# Einstein@home finds rare pulsar, gets published



## twilyth (Aug 14, 2010)

This is really cool.  E@home was originally dedicated to finding gravity waves but a couple of years ago they added the search for a special type of pulsar.  The people whose computers found the data leading to the pulsar are given credit in the Science article.  The journals Science and their UK competitor Nature are 2 of the most influential and widely read journals in the world.

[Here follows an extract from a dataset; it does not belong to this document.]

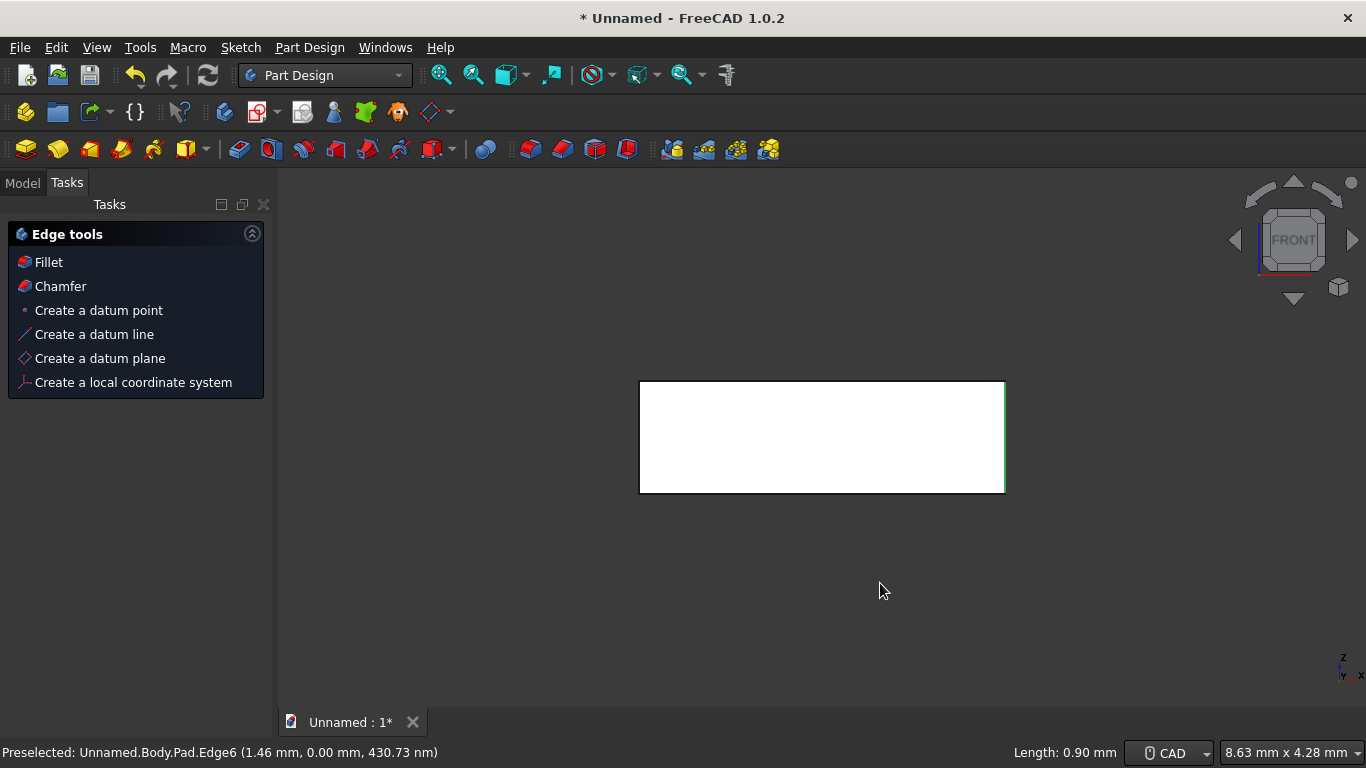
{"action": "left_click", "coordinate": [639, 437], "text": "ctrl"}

Volunteers' Idle Computer Time Turns Up a Celestial Oddball



> A newfound stellar remnant some 17,000 light-years away is not your everyday pulsar. For starters, the hyperdense, swiftly pirouetting object appears to belong to a rare class known as disrupted recycled pulsars. Pulsars are so known because they rotate rapidly—this one spins more than 40 times a second—and give off a beam of radio waves that sweeps across the sky, much like a lighthouse. To an outside observer the radiation appears to pulse each time the beam points in the observer's direction.
> 
> A disrupted recycled pulsar is a former member of a binary stellar pairing that first exploded as a supernova and collapsed to an extraordinarily dense object known as a neutron star, before cannibalizing matter from its neighbor, spinning faster all the while, and finally breaking free from its binary companion when the neighbor exploded as a supernova itself. Disrupted recycled pulsars are uncommon—a recent study estimated that of more than 1,500 known pulsars, only eight are of the disrupted recycled variety.


----------